▶ TASK TO COMPLETE:
Your response should contain only the lines running from the top of the data below through the line with "(00:00:00.0 to 00:00:10.5)", both included. Pictures must be omitted.

(Saved entries)

-------------------------

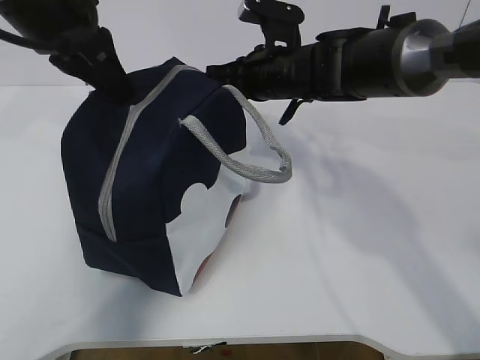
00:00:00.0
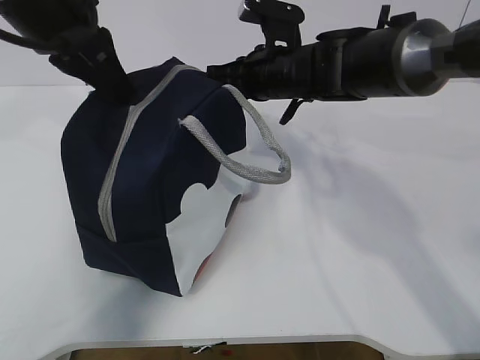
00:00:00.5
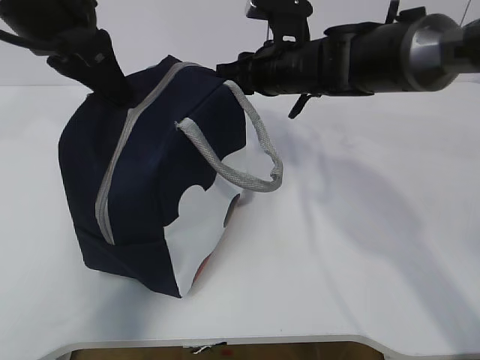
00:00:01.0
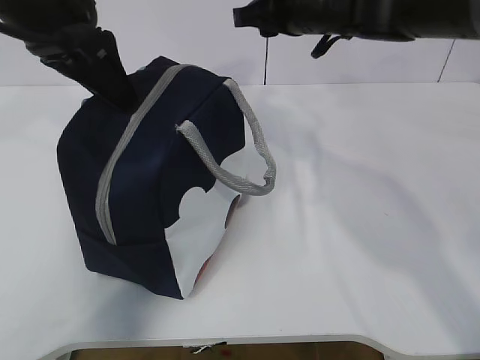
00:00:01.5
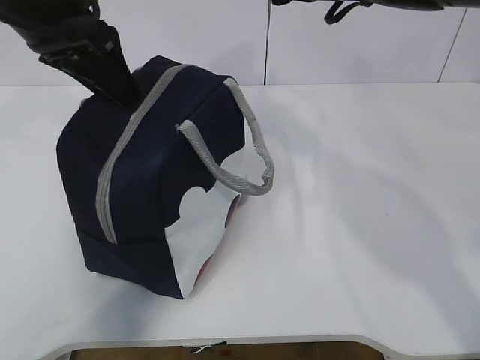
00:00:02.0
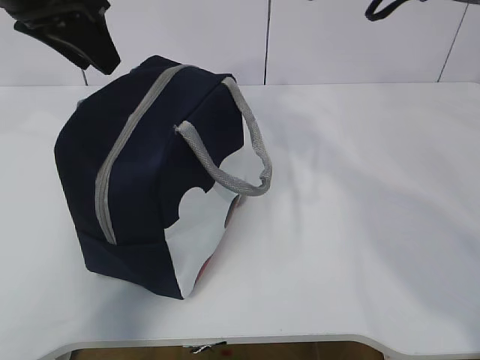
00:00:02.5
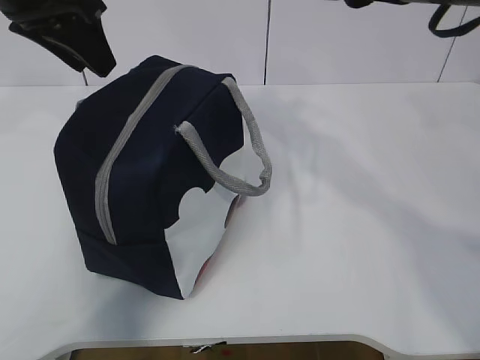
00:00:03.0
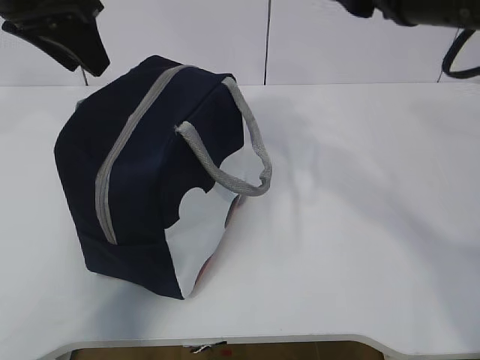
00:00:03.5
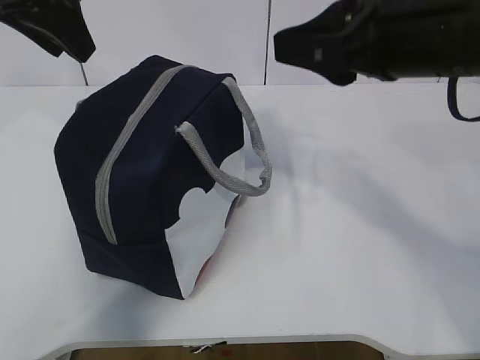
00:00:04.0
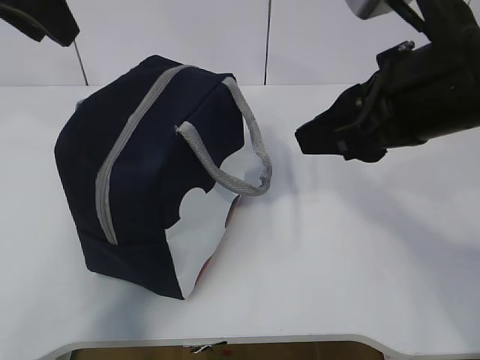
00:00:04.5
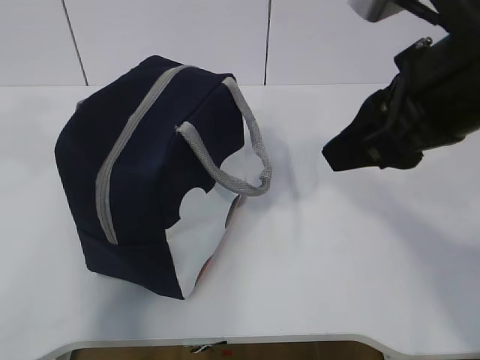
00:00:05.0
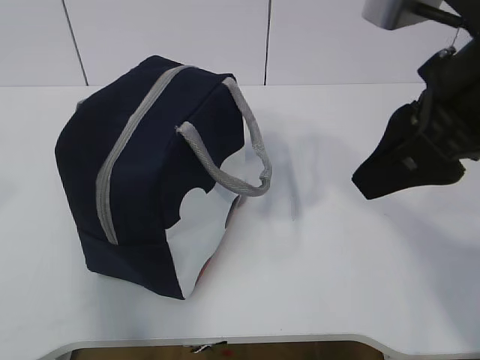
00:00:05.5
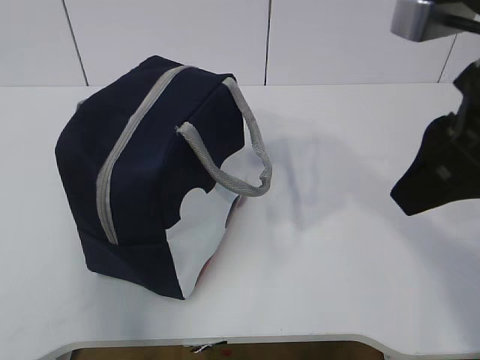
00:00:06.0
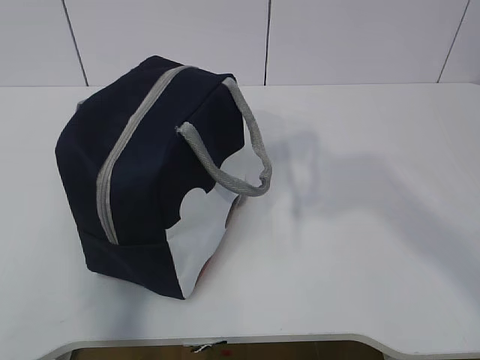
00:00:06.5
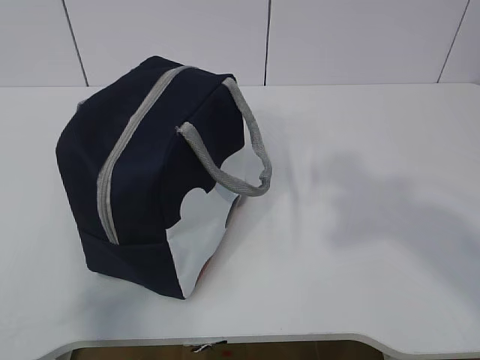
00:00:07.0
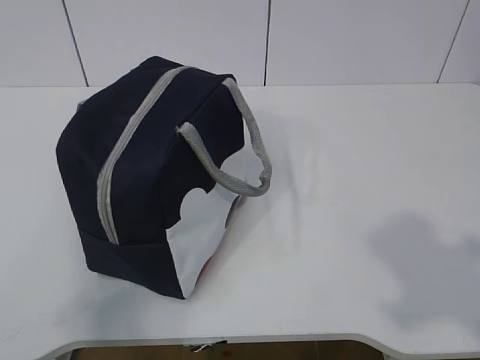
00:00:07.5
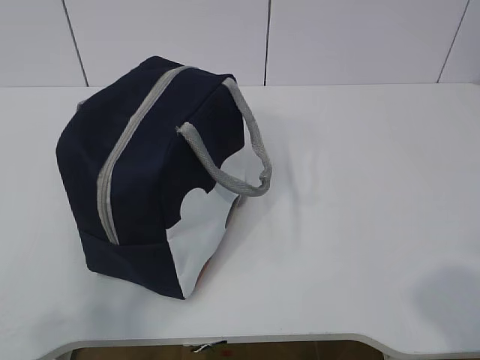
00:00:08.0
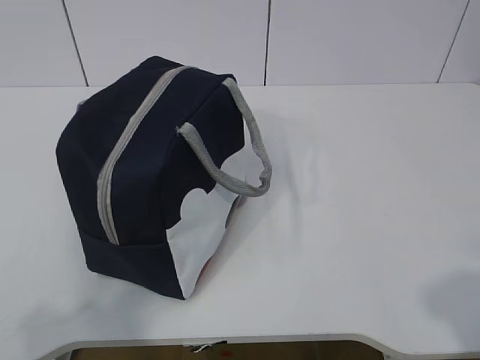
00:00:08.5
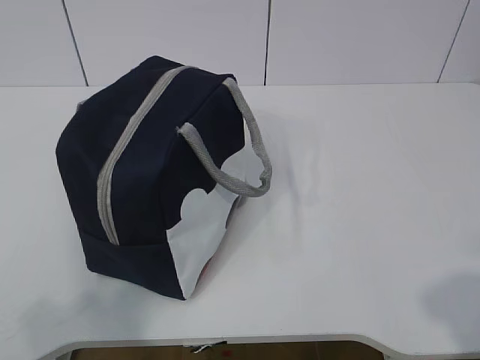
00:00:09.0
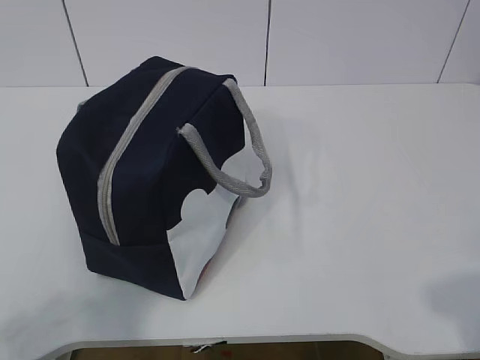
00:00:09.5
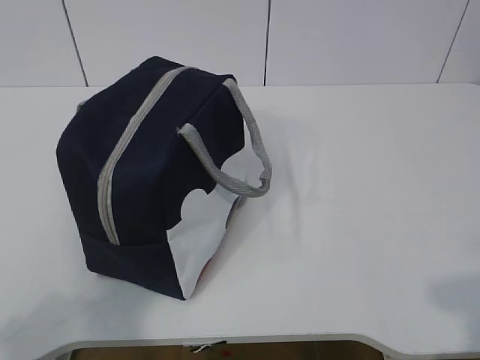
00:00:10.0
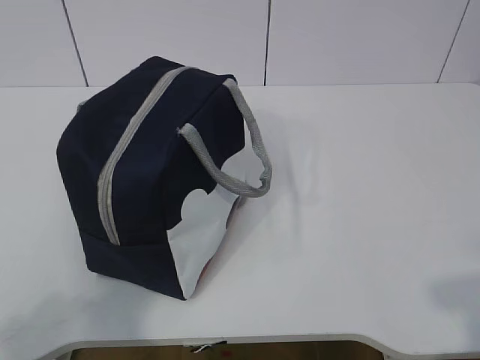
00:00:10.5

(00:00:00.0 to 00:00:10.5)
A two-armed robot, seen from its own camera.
00:00:00.0 - 00:00:02.0: The right gripper goes some 10 cm upward, and opens its fingers, while the left gripper opens up.
00:00:02.0 - 00:00:04.0: The right gripper goes roughly 15 cm backward.
00:00:04.0 - 00:00:06.5: The right gripper is displaced backward and to the right by some 10 cm. The left gripper goes approximately 30 cm backward.
00:00:06.5 - 00:00:08.5: The left gripper travels downward by some 10 cm.

-------------------------

▶ PROBLEM SOLUTION:
00:00:00.0
00:00:00.5
00:00:01.0
00:00:01.5
00:00:02.0
00:00:02.5
00:00:03.0
00:00:03.5
00:00:04.0
00:00:04.5
00:00:05.0
00:00:05.5
00:00:06.0
00:00:06.5
00:00:07.0
00:00:07.5
00:00:08.0
00:00:08.5
00:00:09.0
00:00:09.5
00:00:10.0
00:00:10.5

(00:00:00.0 to 00:00:10.5)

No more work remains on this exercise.